Jeremy Bentham ne fait pas de distinction entre plaisir et bonheur. Il refuse d’établir une hiérarchie. Sa doctrine tend néanmoins vers l’ascèse. Il juge que l’approbation de soi est le plus grand des plaisirs. Il procède donc avec prudence et modération, délaissant les plaisirs immédiats, et délaissant le plaisir des sens, pour la recherche du bonheur dans le travail. Peut-être s’agissait-il d’une question de tempérament plus que de doctrine ; il n’empêche que la moralité des hommes qui se rattachent à cette doctrine ne fut pas moins stricte que celle de leurs adversaires.

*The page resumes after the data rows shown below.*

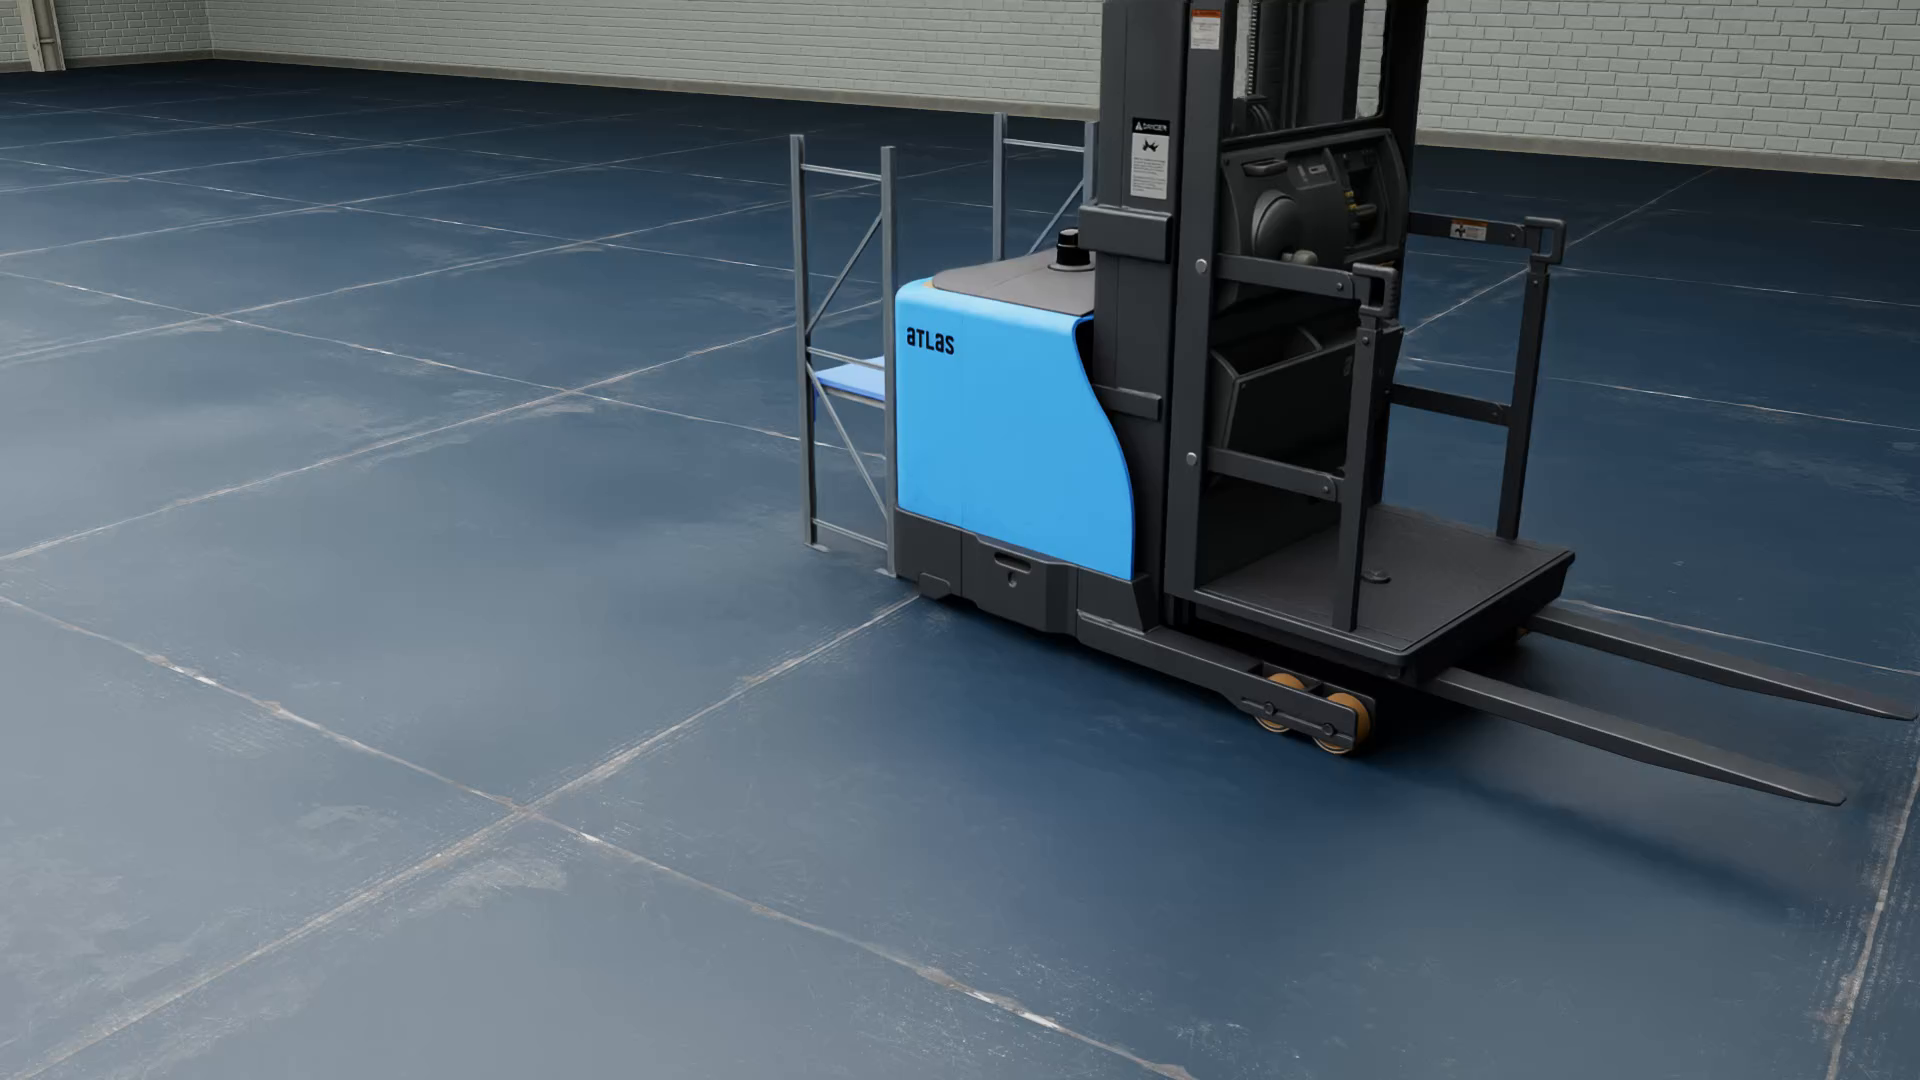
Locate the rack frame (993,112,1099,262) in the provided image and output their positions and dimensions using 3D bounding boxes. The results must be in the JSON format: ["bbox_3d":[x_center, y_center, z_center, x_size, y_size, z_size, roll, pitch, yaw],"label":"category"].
[{"bbox_3d":[0.319,-0.878,6.477,0.500,1.500,0.032,19,27,41],"label":"rack frame"}]

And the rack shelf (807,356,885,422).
[{"bbox_3d":[-0.038,-0.584,6.199,0.538,0.185,1.000,19,27,41],"label":"rack shelf"}]

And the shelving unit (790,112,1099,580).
[{"bbox_3d":[-0.038,-0.752,6.137,0.538,1.500,1.048,19,27,41],"label":"shelving unit"}]

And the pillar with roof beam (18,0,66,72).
[{"bbox_3d":[-10.950,-10.859,22.651,9.100,9.000,0.400,13,24,32],"label":"pillar with roof beam"}]

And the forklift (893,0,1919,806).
[{"bbox_3d":[1.195,-0.981,4.693,3.031,2.935,1.130,18,27,40],"label":"forklift"}]

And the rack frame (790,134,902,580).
[{"bbox_3d":[-0.394,-0.627,5.797,0.500,1.500,0.032,19,27,41],"label":"rack frame"}]

Ainsi que je l’ai signalé, ces quelques lignes sur Jeremy Bentham et sa doctrine prennent appui sur l’étude de Bertrand Russell, « « Freedom versus Organization 1814-1914 », sous-titré « The pattern of political changes in 19th century european history ». Un mot sur cette étude. L’auteur se propose de déterminer les principales causes des transformations politiques au cours de la période 1814-1914, des causes qui selon lui ont été : Technique économique / Théorique politique / Individus marquants. Aucune de ces causes ne peuvent être ignorées en tant que telles. Par ailleurs, elles influent diversement les unes sur les autres. Le rôle joué dans l’histoire par les individus a certes été surestimé par certains, Thomas Carlyle notamment, minimisé par d’autres, notamment par ceux qui pensent avoir découvert les lois du changement sociologique. Ainsi, nous dit Bertrand Russell à titre d’exemple : je ne crois pas que si Bismarck était mort enfant, l’histoire de l’Europe eût été ce qu’elle a été. A tous ces facteurs, s’ajoute ce que nous désignons comme étant le hasard, soit de menus faits qui ont eu sans raisons apparentes des conséquences importantes. Ainsi la Grande Guerre fut rendue probable, mais non inévitable, par des causes massives ; toutefois, jusqu’au dernier moment, elle aurait pu être différée par des événements a priori de peu d’importance ; et si elle avait été différée, les forces tendant vers la paix auraient peut-être pris le dessus. L’histoire n’est pas une science ; et elle ne peut l’être ou, plus exactement, en avoir l’apparence que moyennant falsifications et omissions. Et si on peut présenter les effets des grandes causes sans trop de simplifications, il ne faut jamais perdre de vue que d’autres causes ont également agi. Cette étude de Bertrand Russell se propose d’étudier l’opposition et l’interaction des causes principales des transformations au XIXe siècle, soit : la foi en la Liberté et la nécessité d’une Organisation procédant de la technique industrielle et scientifique.